Okawa Hiroko, Kondo Takeru, Hokugo Akishige, Cherian Philip, Sundberg Oskar, Campagna Jesus J, Kashemirov Boris A, John Varghese, Sun Shuting, Ebetino Frank H, McKenna Charles E, Nishimura Ichiro
Weintraub Center for Reconstructive Biotechnology, Division of Regenerative & Reconstructive Sciences, UCLA School of Dentistry, Los Angeles, CA 90095 USA.
Division of Molecular and Regenerative Prosthodontics, Tohoku University Graduate School of Dentistry, Sendai, 980-8575 Japan.
Commun Med (Lond). 2022 Sep 5;2:112. doi: 10.1038/s43856-022-00172-x. eCollection 2022.
Bisphosphonate-related osteonecrosis of the jaw (BRONJ) is a rare but serious side effect of nitrogen-containing bisphosphonate drugs (N-BPs) frequently prescribed to reduce skeletal-related events in bone malignancies and osteoporosis. BRONJ is associated with abnormal oral wound healing after dentoalveolar surgery and tooth extraction. We previously found that N-BP chemisorbed to bone mineral hydroxyapatite was dissociated by secondary applied N-BP. This study investigated the effect of the surface equilibrium-based removal of N-BP from jawbone on tooth extraction wound healing of zoledronate (ZOL)-treated mice.
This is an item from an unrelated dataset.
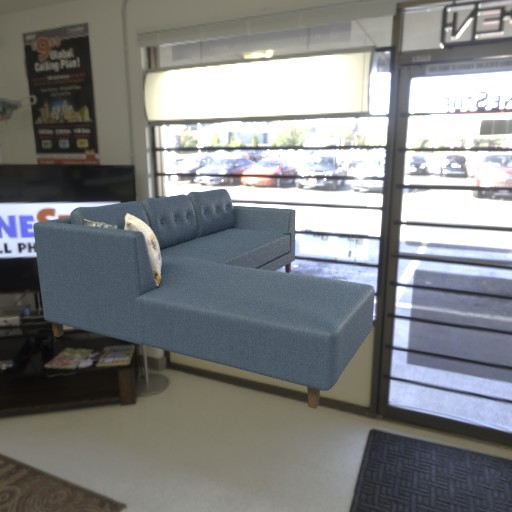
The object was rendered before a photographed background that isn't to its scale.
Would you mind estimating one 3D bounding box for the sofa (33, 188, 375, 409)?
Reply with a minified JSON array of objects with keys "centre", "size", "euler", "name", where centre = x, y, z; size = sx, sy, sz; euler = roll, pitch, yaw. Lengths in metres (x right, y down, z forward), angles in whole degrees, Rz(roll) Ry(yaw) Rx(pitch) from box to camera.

A pharmacologically inactive N-BP derivative (the 4-pyridyl isomer of risedronate equipped with a near-infrared 800CW fluorescent imaging dye, 800CW-pRIS) was designed and synthesized. 800CW-pRIS was intra-orally injected or topically applied in a deformable nano-scale vesicle formulation (DNV) to the palatal tissue of mice pretreated with ZOL, a potent N-BP. The female C56BL6/J mice were subjected to maxillary molar extraction and oral wound healing was compared for 800CW-pRIS/ZOL, ZOL and untreated control groups.
800CW-pRIS is confirmed to be inactive in inhibiting prenylation in cultured osteoclasts while retaining high affinity for hydroxyapatite. ZOL-injected mice exhibit delayed tooth extraction wound healing with osteonecrosis relative to the untreated controls. 800CW-pRIS applied topically to the jaw one week before tooth extraction significantly reduces gingival oral barrier inflammation, improves extraction socket bone regeneration, and prevents development of osteonecrosis in ZOL-injected mice.
Topical pre-treatment with 800CW-RIS in DNV is a promising approach to prevent the complication of abnormal oral wound healing associated with BRONJ while retaining the anti-resorptive benefit of legacy N-BP in appendicular or vertebrate bones.
双膦酸盐相关颌骨坏死(BRONJ)是一种罕见但严重的副作用,常发生于为减少骨恶性肿瘤和骨质疏松症中骨骼相关事件而频繁使用的含氮双膦酸盐药物(N-BPs)。BRONJ与牙槽外科手术和拔牙后口腔伤口愈合异常有关。我们之前发现,二次应用N-BP可使化学吸附于骨矿物质羟基磷灰石上的N-BP解离。本研究调查了基于表面平衡从颌骨去除N-BP对唑来膦酸(ZOL)治疗小鼠拔牙伤口愈合的影响。
设计并合成了一种药理惰性的N-BP衍生物(配备近红外800CW荧光成像染料的利塞膦酸4-吡啶基异构体,800CW-pRIS)。800CW-pRIS通过口腔注射或采用可变形纳米级囊泡制剂(DNV)局部应用于经强效N-BP ZOL预处理的小鼠腭组织。对雌性C56BL6/J小鼠进行上颌磨牙拔除,并比较800CW-pRIS/ZOL组、ZOL组和未治疗对照组的口腔伤口愈合情况。
证实800CW-pRIS在抑制培养破骨细胞的异戊二烯化方面无活性,同时对羟基磷灰石保持高亲和力。与未治疗的对照组相比,注射ZOL的小鼠拔牙伤口愈合延迟并伴有骨坏死。在拔牙前一周局部应用于颌骨的800CW-pRIS可显著减轻牙龈口腔屏障炎症,改善拔牙窝骨再生,并预防注射ZOL小鼠发生骨坏死。
在DNV中局部预处理800CW-RIS是一种有前景的方法,可预防与BRONJ相关的口腔伤口愈合异常并发症,同时保留传统N-BP在附属骨或椎骨中的抗吸收益处。